The output indicates one vertex, the origin, and 7 other lines indicating extreme rays. Note that these are all 0/1 vectors so we can interpret them as subgraphs of $K_{n}$ . The first ray indicates the star $K_{1, 3}$ and the fourth ray indicates the bipartite graph $K_{2, 2}$ . In fact the output consists of all cuts in $K_{n}$ and is known as the cut cone.
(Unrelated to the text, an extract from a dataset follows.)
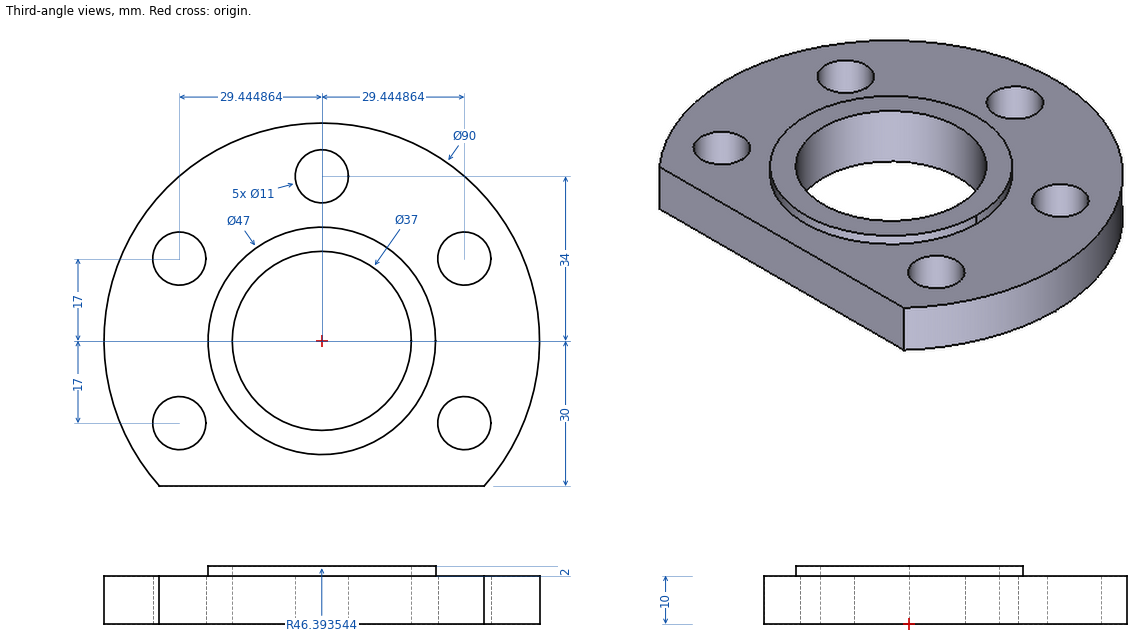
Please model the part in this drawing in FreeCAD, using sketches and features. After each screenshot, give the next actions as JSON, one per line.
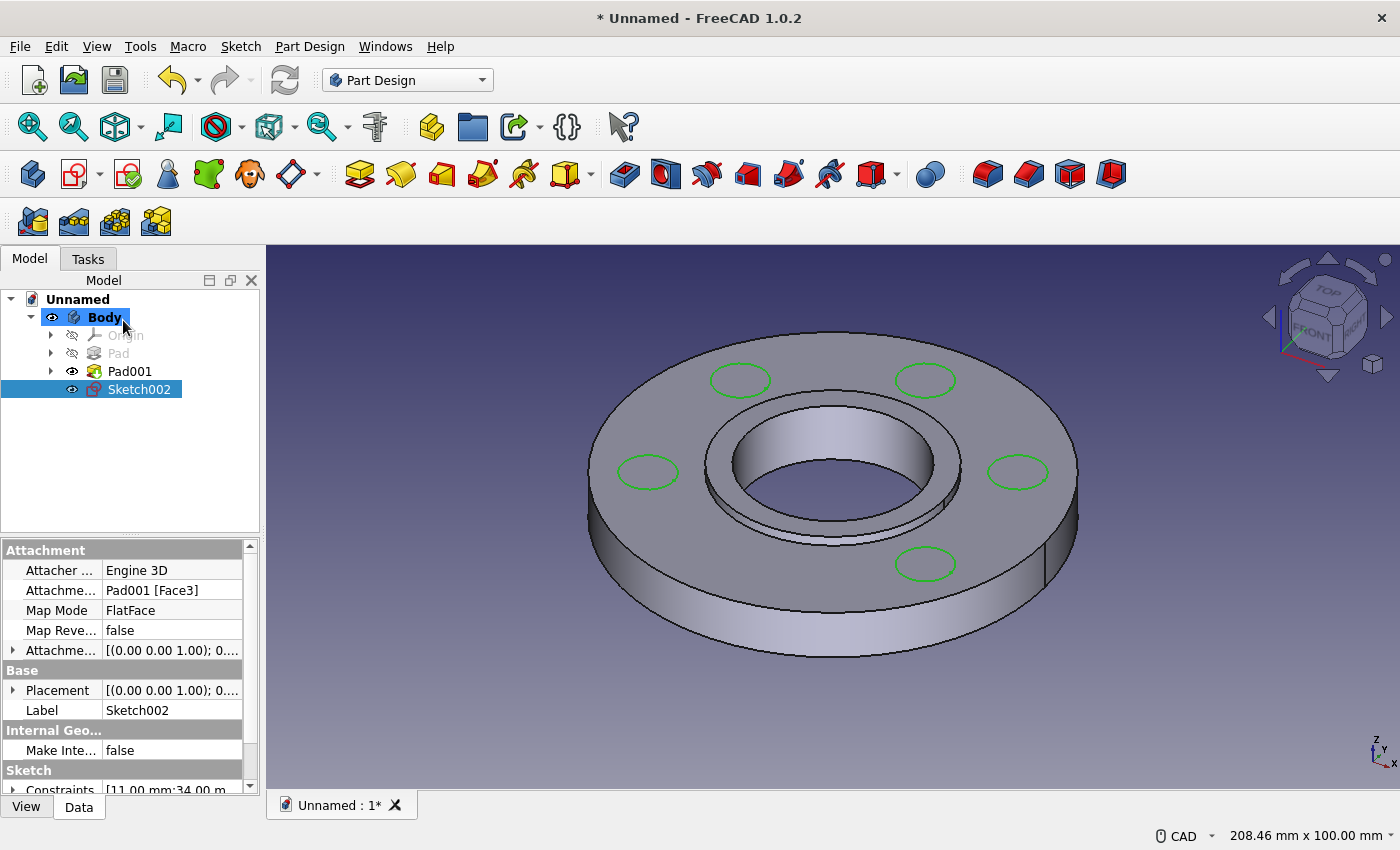
{"action": "left_click", "coordinate": [625, 174]}

For $n \leq 4$ the cut cone and metric cones are identical, but this is not the case for $n \geq 5$ . For example, for $n = 5$ , $m 5 . ine$ contains all cut vectors in $K_{5}$ plus and additional class of extreme rays.
(run)

mai6% lrs m5.ine 
*Input taken from  m5.ine 
V-representation 
begin 
***** 11 rational 
 0  0  1  0  0  1  0  0  1  1  0 
 0  1  1  1  0  0  0  1  0  1  1 
 0  1  1  2  1  2  1  2  1  2  1 
..... 
end 
*Totals: vertices=1 rays=25 bases=573 integer_vertices=1  max_vertex_depth=8 vertices+rays=26

We can turn the cut cone into the cut polytope by changing the $b$ vector to all ones, converting extreme rays into extreme points. Similarly we can obtain the metric polytope from the metric cone. For $n = 4$ the V -representation of the cut polytope is denoted $cp 4 . ext$ and its H-representation can be computed by lrs:
(run)

mai6% lrs cp4.ext 
H-representation 
begin 
***** 7 rational 
 2 -1 -1  0 -1  0  0 
 2  0 -1 -1  0  0 -1 
 2 -1  0 -1  0 -1  0 
 2  0  0  0 -1 -1 -1 
 0  0 -1  1  0  0  1 
........ 
 0  1  1  0 -1  0  0 
end 
*Totals: facets=16 bases=4 max_facet_depth=1

In addition to the 12 triangle inequalities defining $c 4$ we find 4 new triangle inequalities. This is also the H-representation of the metric polytope $mp 4$ .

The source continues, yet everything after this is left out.